(Your goal)
Write out exactly the lines below from the one containing "In this photo, give" to the last, both ends kept, and nothing more; skip all pictures.

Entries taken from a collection
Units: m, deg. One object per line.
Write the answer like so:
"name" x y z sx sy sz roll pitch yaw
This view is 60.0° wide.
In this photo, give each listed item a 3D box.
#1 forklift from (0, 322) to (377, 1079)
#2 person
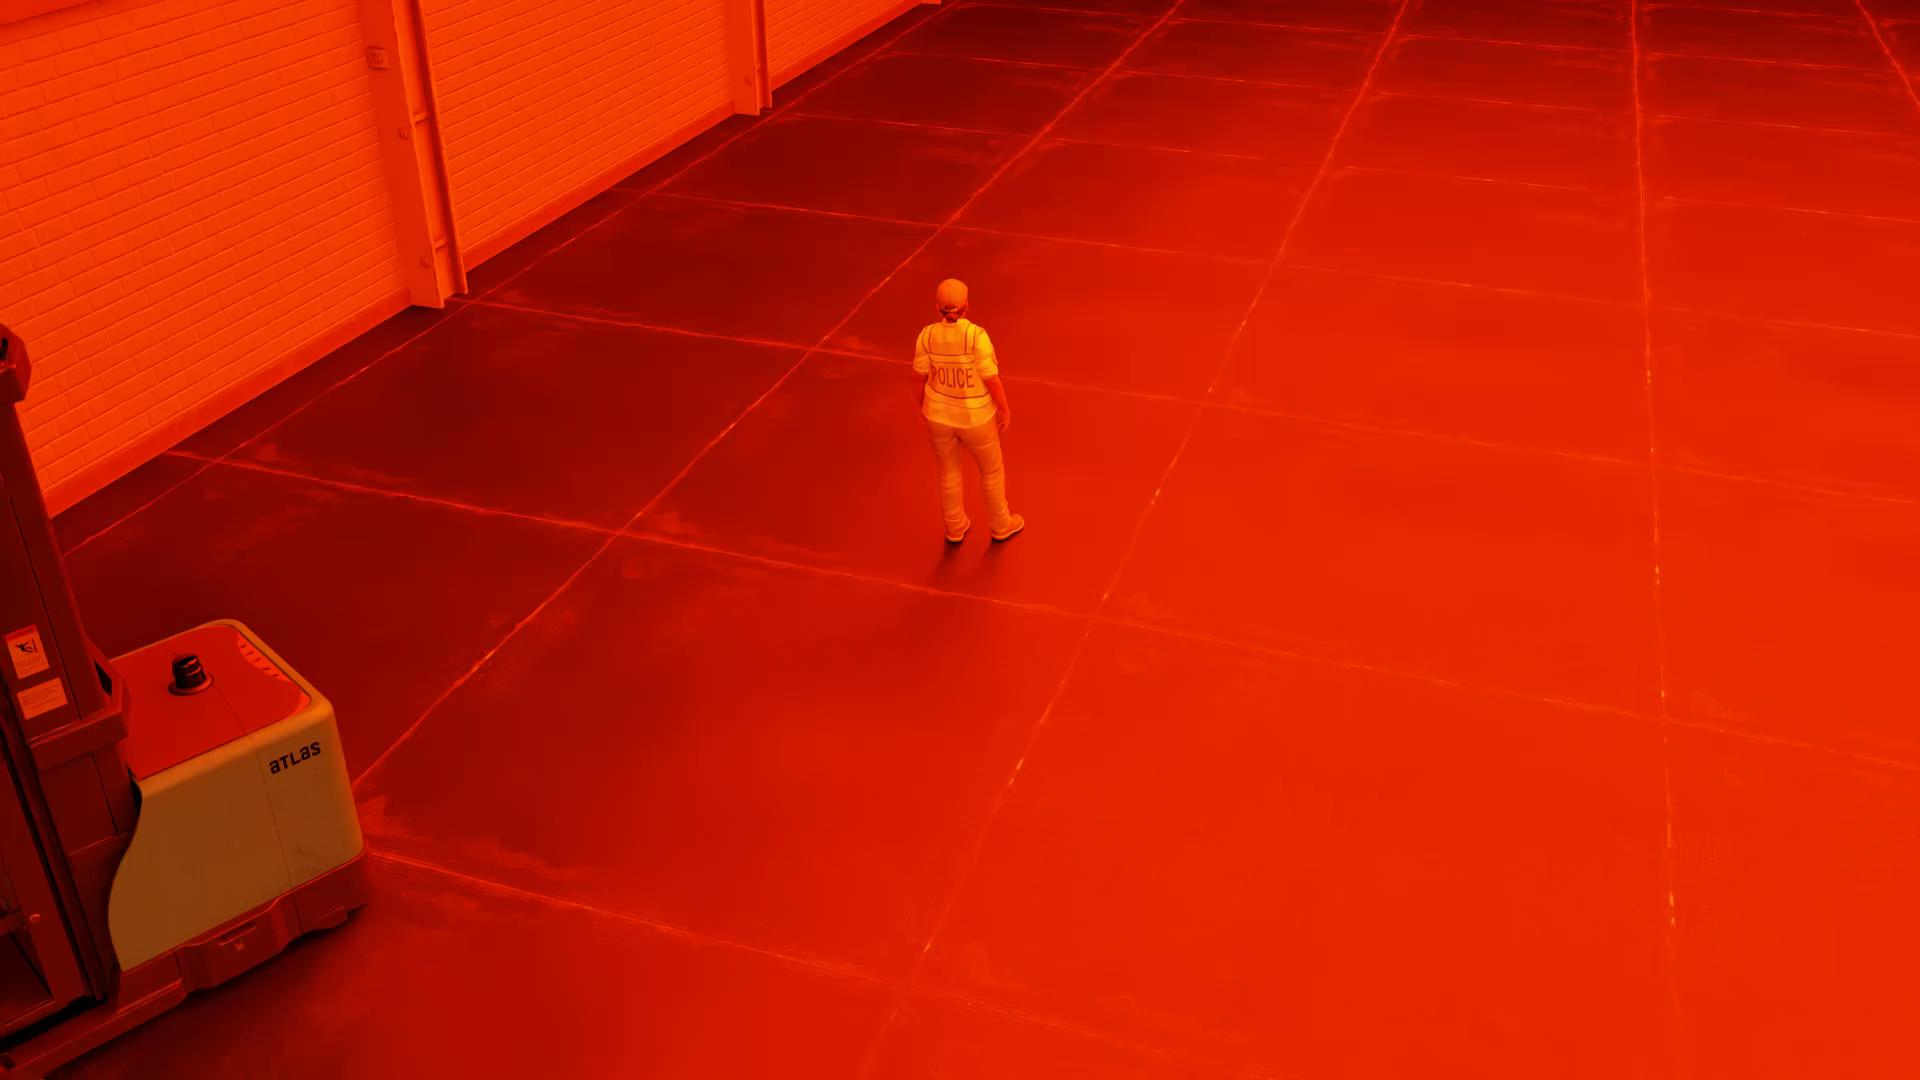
"forklift" -3.954 0.665 5.971 3.031 2.935 1.130 -26 39 -37
"person" 0.047 -0.762 9.736 0.598 1.670 0.529 10 31 16

(Written answer)
In this photo, give each listed item a 3D box.
#1 forklift from (0, 322) to (377, 1079)
#2 person
"forklift" -3.954 0.665 5.971 3.031 2.935 1.130 -26 39 -37
"person" 0.047 -0.762 9.736 0.598 1.670 0.529 10 31 16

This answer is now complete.